- PROBLEM STATEMENT -
Within the entries below, find every line that has the string "font", then copy it.
*** RECORDS FOR THIS EXERCISE
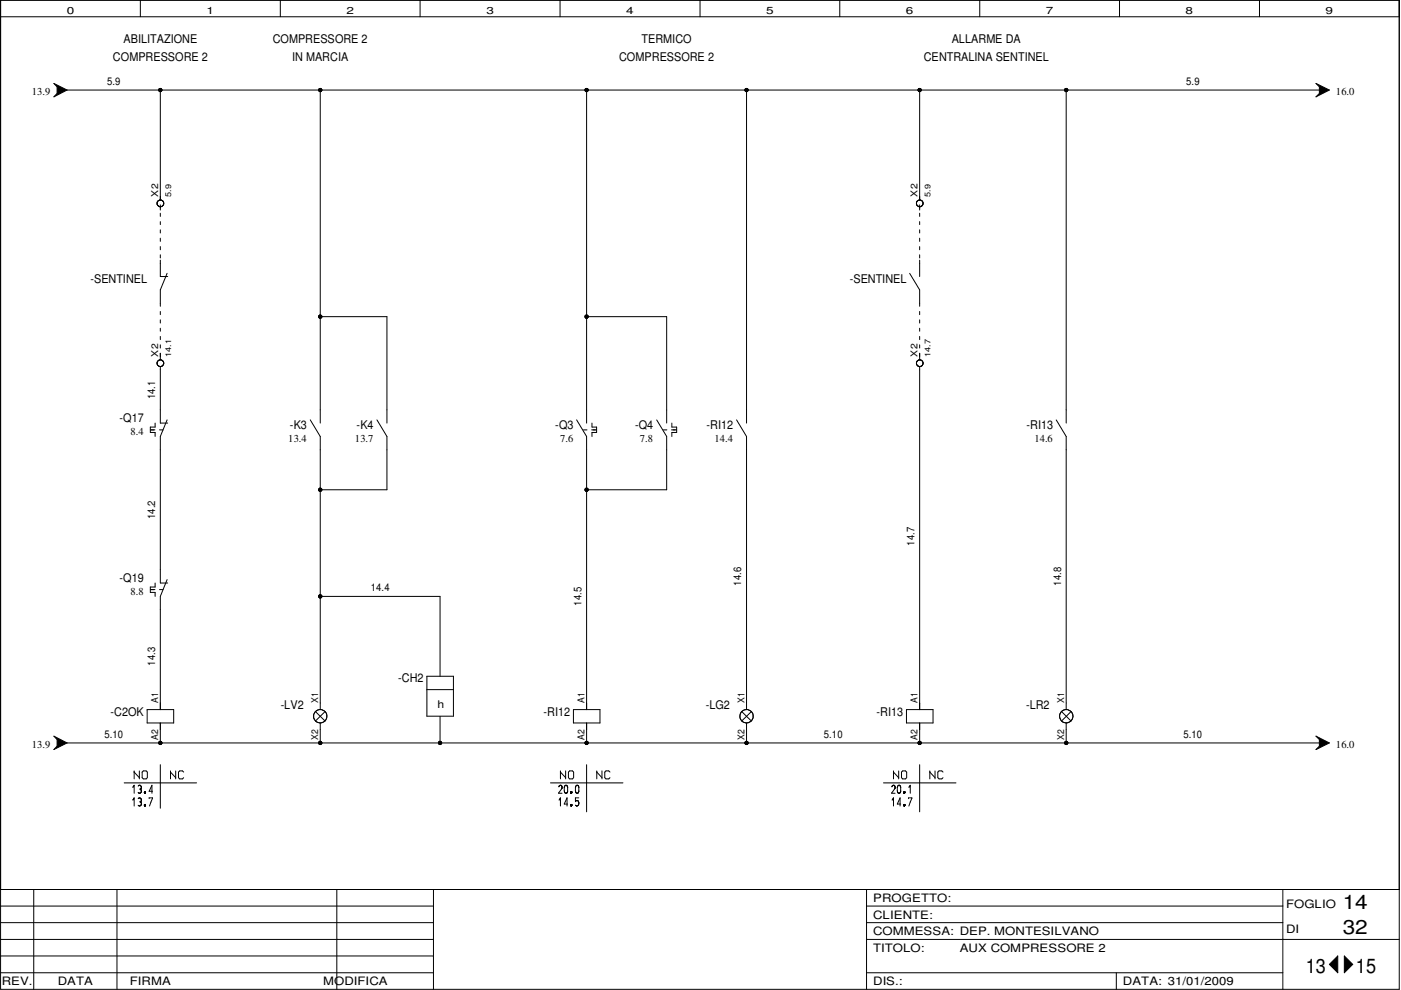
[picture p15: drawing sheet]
<svg xmlns="http://www.w3.org/2000/svg" width="297mm" height="210mm" viewBox="0 0 297 210" stroke-linecap="round" stroke-linejoin="round" font-family="sans-serif">
<defs><g id="words">
<g font-size="4.2">
<text x="284.7" y="192.8">14</text>
<text x="284.7" y="198.1">32</text>
<text x="276.9" y="206.2">13</text>
<text x="287.5" y="206.2">15</text>
</g>
<g font-size="2.5">
<text x="26.2" y="9.1">ABILITAZIONE</text>
<text x="57.8" y="9.1">COMPRESSORE 2</text>
<text x="136" y="9.1">TERMICO</text>
<text x="201.8" y="9.1">ALLARME DA</text>
<text x="24" y="12.9">COMPRESSORE 2</text>
<text x="61.9" y="12.9">IN MARCIA</text>
<text x="131.3" y="12.9">COMPRESSORE 2</text>
<text x="195.9" y="12.9">CENTRALINA SENTINEL</text>
<text x="19.2" y="59.9">-SENTINEL</text>
<text x="180.2" y="59.9">-SENTINEL</text>
<text x="25.4" y="89.6">-Q17</text>
<text x="61.5" y="91">-K3</text>
<text x="75.6" y="91">-K4</text>
<text x="117.7" y="91">-Q3</text>
<text x="134.7" y="91">-Q4</text>
<text x="149.8" y="91">-RI12</text>
<text x="217.6" y="91">-RI13</text>
<text x="25.4" y="123.5">-Q19</text>
<text x="84.4" y="144.7">-CH2</text>
<text x="23.4" y="151.7">-C2OK</text>
<text x="59.5" y="150.3">-LV2</text>
<text x="115.2" y="151.7">-RI12</text>
<text x="149.6" y="150.3">-LG2</text>
<text x="185.8" y="151.7">-RI13</text>
<text x="217.5" y="150.3">-LR2</text>
<text x="185.1" y="191.2">PROGETTO:</text>
<text x="185.1" y="194.8">CLIENTE:</text>
<text x="272.7" y="192.4">FOGLIO</text>
<text x="272.7" y="197.7">DI</text>
<text x="185.1" y="201.8">TITOLO:</text>
<text x="185.1" y="198.3">COMMESSA: DEP. MONTESILVANO</text>
<text x="203.5" y="201.8">AUX COMPRESSORE 2</text>
<text x=".4" y="208.9">REV.</text>
<text x="12.3" y="208.9">DATA</text>
<text x="27.5" y="208.9">FIRMA</text>
<text x="68.5" y="208.9">MODIFICA</text>
<text x="185.1" y="208.9">DIS.:</text>
<text x="238.1" y="208.9">DATA: 31/01/2009</text>
</g>
<g font-size="2.2">
<text x="22.7" y="18">5.9</text>
<text x="251.5" y="18">5.9</text>
<text x="6.8" y="20.2">13.9</text>
<text x="283.2" y="20.2">16.0</text>
<text x="32.9" y="84.7" transform="rotate(-90 32.9 84.7)">14.1</text>
<text x="27.6" y="92.2">8.4</text>
<text x="61.1" y="93.7">13.4</text>
<text x="75.3" y="93.7">13.7</text>
<text x="118.7" y="93.7">7.6</text>
<text x="135.7" y="93.7">7.8</text>
<text x="151.5" y="93.7">14.4</text>
<text x="219.3" y="93.7">14.6</text>
<text x="32.9" y="110.1" transform="rotate(-90 32.9 110.1)">14.2</text>
<text x="193.9" y="115.7" transform="rotate(-90 193.9 115.7)">14.7</text>
<text x="78.6" y="125.3">14.4</text>
<text x="157.1" y="124.2" transform="rotate(-90 157.1 124.2)">14.6</text>
<text x="225" y="124.2" transform="rotate(-90 225 124.2)">14.8</text>
<text x="27.6" y="126.2">8.8</text>
<text x="123.3" y="128.4" transform="rotate(-90 123.3 128.4)">14.5</text>
<text x="32.9" y="141.1" transform="rotate(-90 32.9 141.1)">14.3</text>
<text x="92.8" y="150.2">h</text>
<text x="6.8" y="158.6">13.9</text>
<text x="22.1" y="156.4">5.10</text>
<text x="174.7" y="156.4">5.10</text>
<text x="250.9" y="156.4">5.10</text>
<text x="283.2" y="158.6">16.0</text>
</g>
<g font-size="2.1">
<text x="14.1" y="2.9">0</text>
<text x="43.8" y="2.9">1</text>
<text x="73.4" y="2.9">2</text>
<text x="103.1" y="2.9">3</text>
<text x="132.8" y="2.9">4</text>
<text x="162.4" y="2.9">5</text>
<text x="192.1" y="2.9">6</text>
<text x="221.7" y="2.9">7</text>
<text x="251.4" y="2.9">8</text>
<text x="281" y="2.9">9</text>
</g>
<g font-size="2">
<text x="33.6" y="41.7" transform="rotate(-90 33.6 41.7)">X2</text>
<text x="194.6" y="41.7" transform="rotate(-90 194.6 41.7)">X2</text>
<text x="33.6" y="75.6" transform="rotate(-90 33.6 75.6)">X2</text>
<text x="194.6" y="75.6" transform="rotate(-90 194.6 75.6)">X2</text>
<text x="33.6" y="149.1" transform="rotate(-90 33.6 149.1)">A1</text>
<text x="67.5" y="149.1" transform="rotate(-90 67.5 149.1)">X1</text>
<text x="123.9" y="149.1" transform="rotate(-90 123.9 149.1)">A1</text>
<text x="157.9" y="149.1" transform="rotate(-90 157.9 149.1)">X1</text>
<text x="194.6" y="149.1" transform="rotate(-90 194.6 149.1)">A1</text>
<text x="225.6" y="149.1" transform="rotate(-90 225.6 149.1)">X1</text>
<text x="33.6" y="156.9" transform="rotate(-90 33.6 156.9)">A2</text>
<text x="67.5" y="156.9" transform="rotate(-90 67.5 156.9)">X2</text>
<text x="123.9" y="156.9" transform="rotate(-90 123.9 156.9)">A2</text>
<text x="157.9" y="156.9" transform="rotate(-90 157.9 156.9)">X2</text>
<text x="194.6" y="156.9" transform="rotate(-90 194.6 156.9)">A2</text>
<text x="225.6" y="156.9" transform="rotate(-90 225.6 156.9)">X2</text>
</g>
<g font-size="1.7">
<text x="36.3" y="41.7" transform="rotate(-90 36.3 41.7)">5.9</text>
<text x="197.3" y="41.7" transform="rotate(-90 197.3 41.7)">5.9</text>
<text x="36.3" y="75.6" transform="rotate(-90 36.3 75.6)">14.1</text>
<text x="197.3" y="75.6" transform="rotate(-90 197.3 75.6)">14.7</text>
</g>
</g></defs>
<g fill="none" stroke="#000" stroke-width=".21">
<path d="M.1 0h296.6v209.8h-296.6zM.1 3.6h296.6M11.4 17.7l2.8 1.4-2.8 1.4 .7-.7v-1.4zM14.2 19.1h265.5M29.8 0v3.6M34 19.1v23.3M59.4 0v3.6M67.9 19.1v70.6M89.1 0v3.6M118.7 0v3.6M124.4 19.1v70.6M148.4 0v3.6"/>
<path d="M158.3 19.1v70.6M178.1 0v3.6M195 19.1v23.3M207.7 0v3.6M226.1 19.1v70.6M237.4 0v3.6M267 0v3.6M279 17.7l2.9 1.4-2.9 1.4 .7-.7v-1.4zM33.4 43.4v-.7l.4-.3h.4l.5 .5v.4l-.3 .4M33.4 43.4l.4 .4 .5-.1M33.4 42.8h.1M33.4 43.4h.1"/>
<path d="M33.4 43.5h.1M33.5 43.6h.1M34 43.4v1.1M34 45.2v.7M34 47v.6M34 48.7v.7M34 50.5v.7M34 52.3v.7M34 54v.7M34 55.2v3.4h1.6M34.2 43.8h.1M34.3 42.5h.1"/>
<path d="M34.3 43.7h.1M34.6 42.8h.1M34.7 43.3v.1M35.4 58l-1.4 3.5v3.4M192.9 58l2.1 3.5v3.4M194.6 43.7h.1M194.7 42.5h.1M195 43.4v1.1M195 45.2v.7M195 47v.6M195 48.7v.7M195 50.5v.7"/>
<path d="M195 52.3v.7M195 54v.7M195 55.2v3.4M195.2 42.5h.1M195.2 43.8h.1M195.4 42.6h.1M195.6 42.7h.1M195.6 42.8a.71 .71 0 0 0-1.2-.1l-.1 .6 .4 .5h.5l.5-.5M195.6 42.8v.6M195.6 42.8l.1 .1M33.4 77.3h.1M33.4 76.6v.1"/>
<path d="M33.6 76.4v.1M33.9 77.7h.1M34 66v.7M34 67.8v.7M34 69.6v.6M34 71.3v.7M34 73.1v.7M34 74.9v1.4M34 77.7v12h1.6M34.2 77.7h-.1M34.3 76.4h.1M34.4 77.6h.1"/>
<path d="M34.5 77.4v.1M34.6 76.7h.1M67.9 67.1h14.1v22.6M124.4 67.1h16.9v22.6M194.4 76.6h.1M194.4 77.4h.1M194.6 76.5h.1M194.6 77.6h.1M194.9 77.7h.1M195 66v.7M195 67.8v.7M195 69.6v.6"/>
<path d="M195 71.3v.7M195 73.1v.7M195 74.9v1.4M195 77.7v72.8M195.2 77.7h-.1M195.4 77.6h.1M195.4 76.5h.1M195.6 76.6h.1M195.6 77.4h.1M195.6 76.7v.6M195.7 76.8l-.4-.4-.5-.1-.5 .4v.6a.81 .81 0 0 0 .9 .4l.5-.5M31.9 91.1h.9"/>
<path d="M32.9 89.7v.9h-1v1.1h1v.8M33.8 91.1h.8M35.4 89l-1.4 3.5v31.1h1.6M65.8 89l2.1 3.5v58M79.9 89l2.1 3.5v11.3h-14.1M122.3 89l2.1 3.5v58M123.7 91.1h.8M125.4 91.1h1.1M125.5 89.7v.9h1v1.1h-1v.8M139.2 89l2.1 3.5v11.3h-16.9M140.6 91.1h.8M142.4 91.1h1.1"/>
<path d="M142.4 89.7v.9h1.1v1.1h-1.1v.8M156.2 89l2.1 3.5v58M223.9 89l2.2 3.5v58M31.9 125h.9M32.9 123.6v.9h-1v1.1h1v.8M33.8 125h.8M35.4 122.9l-1.4 3.5v24.1M67.9 126.4h25.4v17M11.4 156.1l2.8 1.4-2.8 1.4 .7-.7v-1.4zM14.2 157.5h265.5M31.2 150.5h5.6v2.8h-5.6zM34 153.3v4.2"/>
<path d="M66.9 150.9l2 2M67.9 153.3v4.2M68.9 150.9l-2 2M90.5 143.4h5.6v8.4h-5.6zM90.5 146.2h5.6M93.3 151.8v5.7M121.6 150.5h5.6v2.8h-5.6zM124.4 153.3v4.2M157.3 150.9l2 2M158.3 153.3v4.2M159.3 150.9l-2 2M192.2 150.5h5.6v2.8h-5.6z"/>
<path d="M195 153.3v4.2M225.1 150.9l.6-.4a1.32 1.32 0 0 1 1.3 .3l.2 .2a1.45 1.45 0 0 1-.1 1.8v.1M225.1 150.9a1.24 1.24 0 0 0-.4 1.3 1.69 1.69 0 0 0 1.4 1.1l1-.4M225.1 150.9l2 2M226.1 153.3v4.2M227.1 150.9l-2 2M279 156.1l2.9 1.4-2.9 1.4 .7-.7v-1.4zM26.3 166h15.4M28.1 166.9l.3-.4v1.7M28.1 169.6l.3-.4v1.7M28.4 163.4v1.7M28.4 163.7l1.1 1.2"/>
<path d="M29.3 166.7l.4-.2 .2 .2v.5l-.3 .1M29.3 169.3l.3-.1 .3 .2v.5l-.3 .1M29.3 170.7l.3 .2 .2-.1M29.4 170.8l.1 .1M29.5 163.4v1.7M29.7 169.2h.1M29.7 167.3l.2 .2v.5l-.3 .2-.3-.2M29.7 170l.3 .3M29.8 167.3h.1M29.8 170h.1M29.9 170.2v.5l-.2 .2M29.9 167.6h.1"/>
<path d="M29.9 166.8h.1M29.9 169.5h.1M30 167.9h-.1M30 167l-.1 .1M30 170.6h-.1M30 169.8h-.1M30.6 168v.1M30.6 168.1h.1M30.6 170.7v.1M30.6 170.7l.1-.1-.1 .1M30.6 167.9h.1M30.6 170.6h.1"/>
<path d="M30.6 170.8h.1M30.6 170.6v.1M30.6 170.8l.1 .1M30.7 168.2h.1M30.7 167.9h.1M30.7 167.9h-.1M30.7 168.1v.1M30.7 170.9h.1M30.7 167.9l-.1 .1M30.7 167.9l-.1 .1 .2-.1M30.8 168.1h.1M30.8 167.9l-.2 .2"/>
<path d="M30.8 170.9h.1M30.8 170.6l-.2 .2M30.8 170.6l-.2 .1M30.8 167.9h.1M30.8 168.1v.1M30.8 170.6h.1M30.8 170.8v.1M30.8 167.9l-.1 .2M30.8 170.6h-.2M30.8 170.6l-.1 .3M30.9 167.9l-.1 .2M30.9 170.6l-.1 .3"/>
<path d="M30.9 168l-.1 .2M30.9 167.9l-.2 .3M30.9 170.7l-.1 .2M30.9 170.6l-.2 .3M31.2 164.8v-1.1l-.2-.3h-.6l-.3 .3v1.2l.3 .2h.6l.2-.2M31.6 169.3v-.1h.7l-.6 1.7M32.3 167.8h-.7l.6-1.3v1.7M34 162.1v9.3M36.1 163.4v1.7M36.1 163.7l1.1 1.2M37.2 163.4v1.7M38.9 163.7l-.2-.3h-.6l-.3 .3v1.2l.3 .2h.6l.2-.2"/>
<path d="M116.7 166h15.4M118.5 166.8l.2-.3 .4 .2 .1 .4-.8 1.1h.8M118.5 169.6l.3-.4v1.7M118.6 166.6v.1M118.8 163.4v1.7M118.8 163.7l1.1 1.2M119.1 167.2h.1M119.9 163.4v1.7M120.1 166.5h-.2l-.2 .3v1a.35 .35 0 0 0 .1 .3 .35 .35 0 0 0 .4 0M120.1 166.5h.1M120.2 166.5l.1 .3v1.1l-.1 .2M120.2 168.1h.1"/>
<path d="M120.3 166.8h.1M120.3 167.9h.1M120.3 170.5h-.7l.6-1.3v1.7M121 168.1h.1M121 170.8l.1 .1M121 170.7l.2-.1-.2 .2M121.1 168.2h.1M121.1 167.9h.1M121.1 167.9l-.1 .2M121.1 170.9h.1M121.1 168.1v.1M121.2 168.1h.1"/>
<path d="M121.2 168.1v.1M121.2 170.9h.1M121.2 167.9h.1M121.2 170.6v.3M121.2 170.6h-.2v.2M121.2 170.6h.1M121.2 167.9v.2M121.2 167.9l-.2 .2M121.2 170.6l-.2 .2M121.2 168v.2M121.2 167.9l-.1 .3M121.2 167.9l-.1 .2"/>
<path d="M121.2 170.8v.1M121.2 170.7v.2M121.2 170.6l-.1 .3M121.6 164.8v-1.1l-.2-.3h-.6l-.3 .3v1.2l.3 .2h.6l.2-.2M122 167.7v.1M122 170.7h.1M122 170.7l.3 .2 .2-.1M122.1 168v.1M122.2 168.1h.1M122.2 166.5l-.2 .5v.9l.3 .3 .4-.3M122.2 166.5h.1M122.3 166.5h.3l.1 .3v1.1"/>
<path d="M122.4 169.8h.2M122.5 169.8l.2 .3M122.6 169.8v.1M122.6 170l.1 .5-.3 .4M122.6 166.7l.1 .1M122.7 167.9l-.1 .1M122.7 169.2h-.7v.8l.2-.3 .2 .1M124.4 162.1v10M126.5 163.4v1.7M126.5 163.7l1.1 1.2M127.6 163.4v1.7M129.3 163.7l-.2-.3h-.6l-.3 .3v1.2l.3 .2h.6l.2-.2"/>
<path d="M187.3 166h15.4M189.1 166.8l.3-.3 .3 .2v.5l-.6 1h.7M189.1 166.8h.1M189.1 169.6l.3-.4v1.7M189.2 166.6v.1M189.4 163.4v1.7M189.4 163.7l1.1 1.2M189.7 166.8h.1M189.8 167.1l-.1 .1M190.4 166.6l.3-.1 .3 .3v1.1l-.3 .3-.4-.3-.1-.2zM190.4 168v.1M190.5 168.1h.1"/>
<path d="M190.5 163.4v1.7M190.8 168.1h.1M190.9 167.9h.1M191 170.5h-.8l.6-1.3v1.7M191.6 168.1h.1M191.6 167.9h.1M191.6 170.8l.1 .1M191.6 170.7l.2-.1-.2 .2M191.7 168.2h.1M191.7 167.9h.1M191.7 170.9h.1M191.7 167.9v.3"/>
<path d="M191.7 168.2l.2-.2-.1 .2M191.7 167.9l-.1 .2M191.8 168.1h.1M191.8 168.1v.1M191.8 170.9h.1M191.8 167.9h.1M191.8 170.6v.3M191.8 170.6h-.2l.1 .3M191.8 170.6h.1M191.8 167.9l.1 .2M191.8 167.9l-.2 .2M191.8 170.6l-.2 .2"/>
<path d="M191.9 168.1h-.1M191.9 167.9l-.2 .2M191.9 170.8l-.1 .1M191.9 170.7l-.1 .2M191.9 170.6l-.2 .3M192.2 164.8v-1.1l-.2-.3h-.6l-.3 .3v1.2l.3 .2h.6l.2-.2M192.6 169.3v-.1h.7l-.6 1.7M192.7 166.9l.3-.4v1.7M195 162.1v10M197.1 163.4v1.7M197.1 163.7l1.1 1.2M198.2 163.4v1.7"/>
<path d="M199.9 163.7l-.2-.3h-.6l-.3 .3v1.2l.3 .2h.6l.2-.2M.1 188.6h296.6M.1 199.2h91.8M.1 195.6h91.8M.1 192.1h91.8M7.2 188.6v21.2M24.8 188.6v21.2M71.4 188.6v21.2M91.9 188.6v21.2M183.7 199.2h113M183.7 195.6h88.3M183.7 192.1h88.3"/>
<path d="M183.7 188.6v21.2M272 188.6v21.2M.1 202.7h91.8M.1 206.2h91.8M183.7 206.2h88.3M236.7 206.2v3.6M281.9 204.5l1.7-1.8v3.5zM285 202.7l1.8 1.8-1.8 1.7z"/>
<circle cx="34" cy="19.1" r=".34"/>
<circle cx="67.9" cy="19.1" r=".34"/>
<circle cx="124.4" cy="19.1" r=".34"/>
<circle cx="158.3" cy="19.1" r=".34"/>
<circle cx="195" cy="19.1" r=".34"/>
<circle cx="226.1" cy="19.1" r=".34"/>
<circle cx="34" cy="77" r=".7"/>
<circle cx="67.9" cy="67.1" r=".34"/>
<circle cx="124.4" cy="67.1" r=".34"/>
<circle cx="67.9" cy="103.8" r=".34"/>
<circle cx="124.4" cy="103.8" r=".34"/>
<circle cx="67.9" cy="126.4" r=".34"/>
<circle cx="34" cy="157.5" r=".34"/>
<circle cx="67.9" cy="157.5" r=".34"/>
<circle cx="67.9" cy="151.9" r="1.42"/>
<circle cx="93.3" cy="157.5" r=".34"/>
<circle cx="124.4" cy="157.5" r=".34"/>
<circle cx="158.3" cy="157.5" r=".34"/>
<circle cx="158.3" cy="151.8" r="1.42"/>
<circle cx="195" cy="157.5" r=".34"/>
<circle cx="226.1" cy="157.5" r=".34"/>
</g>
<g fill="#000">
<path d="M281.9 204.5l1.7-1.8v3.5zM285 202.7l1.8 1.8-1.8 1.7z"/>
<path d="M11.4 17.7l2.8 1.4-2.8 1.4 .7-.7v-1.4z" fill-rule="evenodd"/>
<path d="M279 17.7l2.9 1.4-2.9 1.4 .7-.7v-1.4z" fill-rule="evenodd"/>
<path d="M11.4 156.1l2.8 1.4-2.8 1.4 .7-.7v-1.4z" fill-rule="evenodd"/>
<path d="M279 156.1l2.9 1.4-2.9 1.4 .7-.7v-1.4z" fill-rule="evenodd"/>
<circle cx="34" cy="19.1" r=".34"/>
<circle cx="67.9" cy="19.1" r=".34"/>
<circle cx="124.4" cy="19.1" r=".34"/>
<circle cx="158.3" cy="19.1" r=".34"/>
<circle cx="195" cy="19.1" r=".34"/>
<circle cx="226.1" cy="19.1" r=".34"/>
<circle cx="67.9" cy="67.1" r=".34"/>
<circle cx="124.4" cy="67.1" r=".34"/>
<circle cx="67.9" cy="103.8" r=".34"/>
<circle cx="124.4" cy="103.8" r=".34"/>
<circle cx="67.9" cy="126.4" r=".34"/>
<circle cx="34" cy="157.5" r=".34"/>
<circle cx="67.9" cy="157.5" r=".34"/>
<circle cx="93.3" cy="157.5" r=".34"/>
<circle cx="124.4" cy="157.5" r=".34"/>
<circle cx="158.3" cy="157.5" r=".34"/>
<circle cx="195" cy="157.5" r=".34"/>
<circle cx="226.1" cy="157.5" r=".34"/>
</g>
<use href="#words"/>
</svg>
******
- SOLUTION FOR THIS EXERCISE -
<svg xmlns="http://www.w3.org/2000/svg" width="297mm" height="210mm" viewBox="0 0 297 210" stroke-linecap="round" stroke-linejoin="round" font-family="sans-serif">
<g font-size="4.2">
<g font-size="2.5">
<g font-size="2.2">
<g font-size="2.1">
<g font-size="2">
<g font-size="1.7">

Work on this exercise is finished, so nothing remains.